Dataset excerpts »

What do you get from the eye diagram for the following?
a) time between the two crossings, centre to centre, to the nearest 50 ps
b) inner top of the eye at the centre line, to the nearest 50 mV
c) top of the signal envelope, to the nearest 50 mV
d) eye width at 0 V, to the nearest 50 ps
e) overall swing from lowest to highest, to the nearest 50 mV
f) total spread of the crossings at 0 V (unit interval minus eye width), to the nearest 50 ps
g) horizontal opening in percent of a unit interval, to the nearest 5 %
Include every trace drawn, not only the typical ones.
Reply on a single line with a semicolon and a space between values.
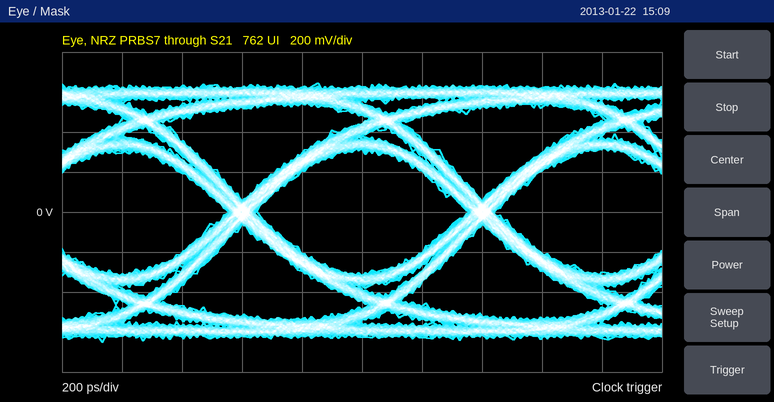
800 ps; 300 mV; 650 mV; 700 ps; 1.30 V; 100 ps; 90 %
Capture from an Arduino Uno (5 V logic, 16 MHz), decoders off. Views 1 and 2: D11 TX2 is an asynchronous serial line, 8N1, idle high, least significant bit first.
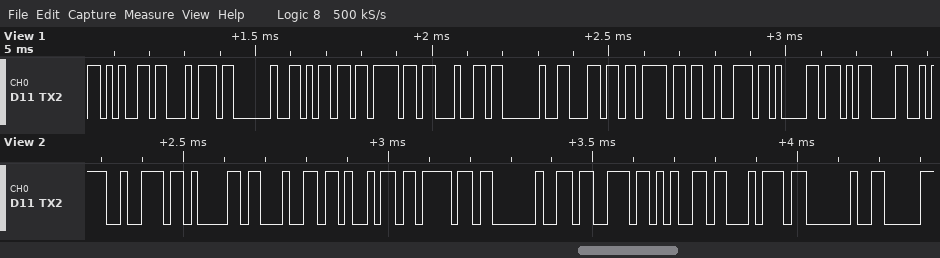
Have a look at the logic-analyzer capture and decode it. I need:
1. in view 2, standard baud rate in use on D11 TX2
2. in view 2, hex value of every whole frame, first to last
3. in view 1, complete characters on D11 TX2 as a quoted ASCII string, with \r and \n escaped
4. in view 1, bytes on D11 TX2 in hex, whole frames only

57600 baud
72 61 64 69 6F 20 73 65 74 20
"et mod lora\r"
0x65 0x74 0x20 0x6D 0x6F 0x64 0x20 0x6C 0x6F 0x72 0x61 0x0D

Task item »
Your task is to set down every entry exactly, leaving out any picture it contains.

Task result »
What do you get from the eye diagram for the following?
a) time between the two crossings, centre to centre, to the nearest 50 ps
b) inner top of the eye at the centre line, to the nearest 50 mV
c) top of the signal envelope, to the nearest 50 mV
d) eye width at 0 V, to the nearest 50 ps
e) overall swing from lowest to highest, to the nearest 50 mV
f) total spread of the crossings at 0 V (unit interval minus eye width), to the nearest 50 ps
g) horizontal opening in percent of a unit interval, to the nearest 5 %
Include every trace drawn, not only the typical ones.
Reply on a single line with a semicolon and a space between values.
800 ps; 300 mV; 650 mV; 700 ps; 1.30 V; 100 ps; 90 %
Capture from an Arduino Uno (5 V logic, 16 MHz), decoders off. Views 1 and 2: D11 TX2 is an asynchronous serial line, 8N1, idle high, least significant bit first.
Have a look at the logic-analyzer capture and decode it. I need:
1. in view 2, standard baud rate in use on D11 TX2
2. in view 2, hex value of every whole frame, first to last
3. in view 1, complete characters on D11 TX2 as a quoted ASCII string, with \r and \n escaped
4. in view 1, bytes on D11 TX2 in hex, whole frames only

57600 baud
72 61 64 69 6F 20 73 65 74 20
"et mod lora\r"
0x65 0x74 0x20 0x6D 0x6F 0x64 0x20 0x6C 0x6F 0x72 0x61 0x0D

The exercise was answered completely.